Joey Williams

Personal information
- Full name: Joseph Joshua Williams
- Date of birth: 4 June 1902
- Place of birth: Rotherham, England
- Date of death: 1978 (aged 76)
- Height: 5 ft 4 in (1.63 m)
- Position: Outside forward

Senior career*
- Years: Team / Apps / (Gls)
- 1921–1924: Rotherham County / 95 / (7)
- 1924–1926: Huddersfield Town / 58 / (6)
- 1926–1929: Stoke City / 82 / (17)
- 1929–1932: Arsenal / 22 / (5)
- 1932–1935: Middlesbrough / 78 / (11)
- 1935–1936: Carlisle United / 20 / (2)
- Total:  / 355 / (48)

International career
- 1929: FA XI / 2 / (?)

= Joey Williams =

English footballer

Joseph Joshua Williams (4 June 1902 – 1978) was an English footballer. Williams featured for clubs Arsenal, Carlisle United, Huddersfield Town, Middlesbrough, Rotherham County and Stoke City in his playing career.

==Career==
Williams was an outside forward who started out with his hometown club Rotherham County, for whom he played over a hundred games. In the summer of 1924 he was signed by Huddersfield Town. At Huddersfield he won two First Division titles in 1924–25 and 1925–26. During the 1925–26 season he played 23 league games for Huddersfield. Williams then moved to Stoke City in March 1926, of whom were relegated from the Second Division. He helped Stoke gain an instant return to the Second Division winning the Third Division North in 1926–27 as he scored six goals in 31 appearances. Williams thus became the first player to be relegated and win a League Championship medal in the same season. He was capped 20 times in 1927–28 as Stoke finished fifth. He then scored a career best of seven goals in the following season.

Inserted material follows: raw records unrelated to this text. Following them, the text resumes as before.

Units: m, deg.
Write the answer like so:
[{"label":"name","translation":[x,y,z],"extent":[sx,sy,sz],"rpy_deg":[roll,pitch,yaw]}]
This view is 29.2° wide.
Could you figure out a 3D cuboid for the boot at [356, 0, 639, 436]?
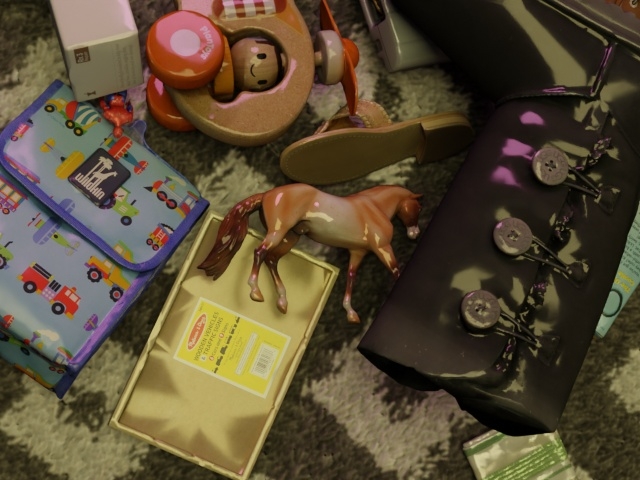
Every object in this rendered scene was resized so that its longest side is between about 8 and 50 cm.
[{"label":"boot","translation":[0.152,-0.064,1.281],"extent":[0.367,0.146,0.445],"rpy_deg":[24,82,8]}]

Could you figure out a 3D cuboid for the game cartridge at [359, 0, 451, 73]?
[{"label":"game cartridge","translation":[0.118,-0.355,1.438],"extent":[0.198,0.062,0.297],"rpy_deg":[-17,88,-25]}]

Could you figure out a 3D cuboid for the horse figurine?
[{"label":"horse figurine","translation":[0.000,0.000,1.364],"extent":[0.263,0.066,0.174],"rpy_deg":[8,68,-15]}]

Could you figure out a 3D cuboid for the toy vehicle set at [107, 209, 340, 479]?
[{"label":"toy vehicle set","translation":[-0.106,0.118,1.381],"extent":[0.166,0.035,0.267],"rpy_deg":[26,80,-6]}]

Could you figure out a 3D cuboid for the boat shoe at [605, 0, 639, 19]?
[{"label":"boat shoe","translation":[0.357,-0.274,1.469],"extent":[0.104,0.111,0.307],"rpy_deg":[25,80,-5]}]

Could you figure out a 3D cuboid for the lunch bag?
[{"label":"lunch bag","translation":[-0.275,-0.018,1.336],"extent":[0.221,0.138,0.293],"rpy_deg":[37,63,-4]}]

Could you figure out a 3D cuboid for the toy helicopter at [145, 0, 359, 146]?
[{"label":"toy helicopter","translation":[-0.046,-0.266,1.392],"extent":[0.235,0.140,0.355],"rpy_deg":[17,68,-1]}]

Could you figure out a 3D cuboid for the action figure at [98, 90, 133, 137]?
[{"label":"action figure","translation":[-0.226,-0.158,1.362],"extent":[0.038,0.030,0.115],"rpy_deg":[11,46,-23]}]

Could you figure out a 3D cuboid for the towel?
[{"label":"towel","translation":[0.243,0.282,1.435],"extent":[0.113,0.023,0.152],"rpy_deg":[-25,91,-10]}]

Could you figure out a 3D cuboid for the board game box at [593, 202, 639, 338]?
[{"label":"board game box","translation":[0.320,-0.035,1.419],"extent":[0.144,0.142,0.275],"rpy_deg":[37,79,-2]}]

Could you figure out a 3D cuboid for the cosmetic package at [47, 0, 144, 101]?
[{"label":"cosmetic package","translation":[-0.259,-0.281,1.329],"extent":[0.085,0.117,0.231],"rpy_deg":[-16,72,-11]}]

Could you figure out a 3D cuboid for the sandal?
[{"label":"sandal","translation":[0.054,-0.129,1.431],"extent":[0.240,0.088,0.079],"rpy_deg":[-10,54,-18]}]
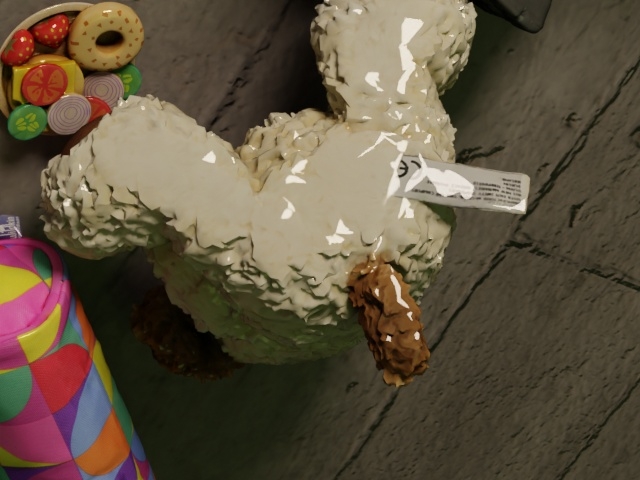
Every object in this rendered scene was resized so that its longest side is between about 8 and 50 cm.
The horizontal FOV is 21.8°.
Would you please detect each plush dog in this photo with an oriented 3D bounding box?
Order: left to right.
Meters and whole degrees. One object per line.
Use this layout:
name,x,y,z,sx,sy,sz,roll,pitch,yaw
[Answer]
plush dog,0.000,0.000,0.940,0.262,0.211,0.225,-30,168,-8

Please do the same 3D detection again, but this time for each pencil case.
pencil case,-0.165,0.100,0.966,0.104,0.104,0.236,-26,133,-13

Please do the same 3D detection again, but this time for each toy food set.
toy food set,-0.134,-0.089,0.887,0.083,0.020,0.083,-11,130,-26

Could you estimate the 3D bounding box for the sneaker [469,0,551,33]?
sneaker,0.069,-0.227,0.867,0.130,0.109,0.286,-51,144,3
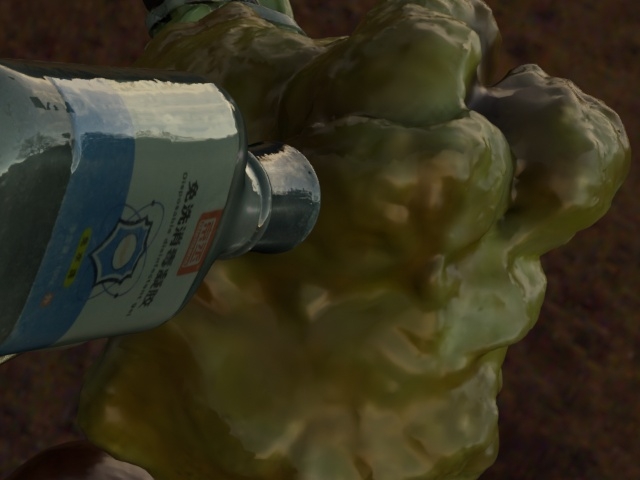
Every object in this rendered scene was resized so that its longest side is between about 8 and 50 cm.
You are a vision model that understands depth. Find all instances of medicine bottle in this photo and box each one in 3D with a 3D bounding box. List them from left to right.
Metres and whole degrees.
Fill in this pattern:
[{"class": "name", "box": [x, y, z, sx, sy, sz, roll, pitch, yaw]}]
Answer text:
[{"class": "medicine bottle", "box": [-0.064, -0.011, 0.591, 0.054, 0.090, 0.208, 27, 14, 23]}]

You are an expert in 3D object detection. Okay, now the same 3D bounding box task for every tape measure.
[{"class": "tape measure", "box": [-0.091, -0.205, 1.743, 0.177, 0.087, 0.154, -6, 71, -46]}]

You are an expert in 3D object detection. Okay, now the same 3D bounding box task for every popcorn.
[{"class": "popcorn", "box": [0.004, -0.005, 0.891, 0.276, 0.276, 0.225, 35, 22, 13]}]

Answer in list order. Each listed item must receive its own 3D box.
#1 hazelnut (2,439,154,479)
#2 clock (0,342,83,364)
[{"class": "hazelnut", "box": [-0.144, 0.227, 1.163, 0.208, 0.208, 0.208, 17, 35, -13]}, {"class": "clock", "box": [-0.227, 0.025, 1.284, 0.146, 0.243, 0.199, 63, 27, 5]}]
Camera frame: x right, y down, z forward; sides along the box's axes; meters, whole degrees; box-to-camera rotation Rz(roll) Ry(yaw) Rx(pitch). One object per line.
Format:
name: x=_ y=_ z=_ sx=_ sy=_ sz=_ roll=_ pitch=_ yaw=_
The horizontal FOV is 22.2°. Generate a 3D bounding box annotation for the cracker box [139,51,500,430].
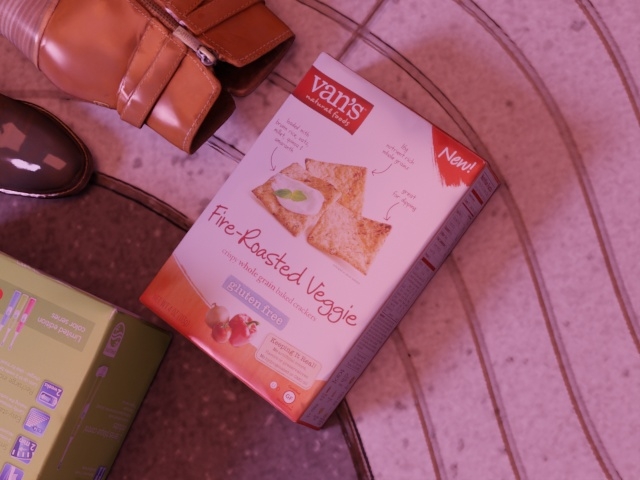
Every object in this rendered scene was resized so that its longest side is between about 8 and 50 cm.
cracker box: x=0.000 y=0.000 z=1.198 sx=0.156 sy=0.067 sz=0.232 roll=36 pitch=88 yaw=20

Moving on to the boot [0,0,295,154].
boot: x=-0.108 y=-0.223 z=1.266 sx=0.220 sy=0.109 sz=0.283 roll=34 pitch=77 yaw=13

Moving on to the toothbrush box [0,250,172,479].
toothbrush box: x=-0.272 y=0.147 z=1.213 sx=0.206 sy=0.122 sz=0.283 roll=22 pitch=83 yaw=19

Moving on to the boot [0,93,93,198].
boot: x=-0.287 y=-0.098 z=1.282 sx=0.219 sy=0.106 sz=0.082 roll=24 pitch=85 yaw=20
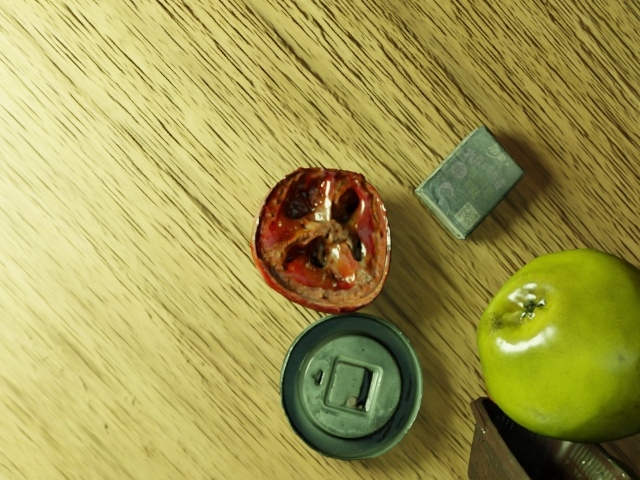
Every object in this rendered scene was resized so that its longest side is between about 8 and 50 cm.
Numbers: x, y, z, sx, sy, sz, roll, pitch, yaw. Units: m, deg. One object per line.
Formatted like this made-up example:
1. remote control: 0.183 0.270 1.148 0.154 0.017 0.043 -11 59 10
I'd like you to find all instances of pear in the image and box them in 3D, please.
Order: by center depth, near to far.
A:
1. pear: 0.411 0.168 1.104 0.375 0.287 0.287 26 82 -22

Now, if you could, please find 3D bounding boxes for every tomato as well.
1. tomato: 0.000 0.002 1.118 0.228 0.101 0.228 2 83 -18

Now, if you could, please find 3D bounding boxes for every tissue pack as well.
1. tissue pack: 0.243 -0.093 1.192 0.156 0.051 0.112 -45 98 -10

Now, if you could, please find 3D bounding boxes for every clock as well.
1. clock: 0.046 0.222 1.138 0.226 0.049 0.226 1 86 -10

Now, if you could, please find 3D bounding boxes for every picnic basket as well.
1. picnic basket: 0.328 0.359 1.078 0.222 0.297 0.129 15 103 -9

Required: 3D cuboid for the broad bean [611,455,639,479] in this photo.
1. broad bean: 0.468 0.455 1.192 0.153 0.072 0.207 8 85 -15
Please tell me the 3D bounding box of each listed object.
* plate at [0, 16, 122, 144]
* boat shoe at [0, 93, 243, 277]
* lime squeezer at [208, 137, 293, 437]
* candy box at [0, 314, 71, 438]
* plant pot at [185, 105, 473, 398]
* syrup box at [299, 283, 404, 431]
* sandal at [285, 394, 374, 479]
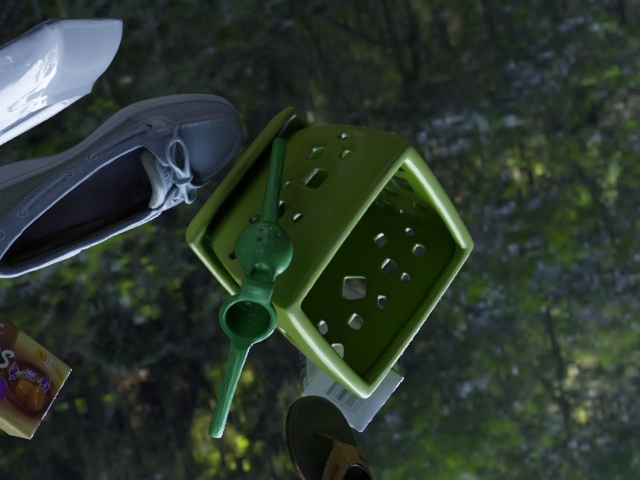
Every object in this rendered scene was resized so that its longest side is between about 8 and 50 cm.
[{"bbox_3d":[-0.261,-0.065,1.016,0.278,0.045,0.277,-29,-172,5],"label":"plate"},{"bbox_3d":[-0.208,-0.052,1.528,0.320,0.118,0.103,-22,-138,-26],"label":"boat shoe"},{"bbox_3d":[-0.072,0.045,1.496,0.059,0.310,0.110,13,176,-24],"label":"lime squeezer"},{"bbox_3d":[-0.414,0.154,1.906,0.053,0.187,0.109,2,-124,48],"label":"candy box"},{"bbox_3d":[0.000,0.000,1.662,0.207,0.227,0.228,28,-105,37],"label":"plant pot"},{"bbox_3d":[0.036,0.143,1.958,0.096,0.093,0.237,-53,-169,12],"label":"syrup box"},{"bbox_3d":[0.025,0.279,1.723,0.090,0.219,0.060,-4,163,-36],"label":"sandal"}]

In the summer of 1929, he toured South Africa with an FA XI, earning two caps. On his return to England in September 1929 he moved to Arsenal, being signed by his former boss at Huddersfield Herbert Chapman. Williams made his Arsenal debut in a 5–2 defeat at Aston Villa on 25 September 1929. The following month he played in the 1929 FA Charity Shield, for the Professionals against the Amateurs at The Den, which the Professionals won 3–0.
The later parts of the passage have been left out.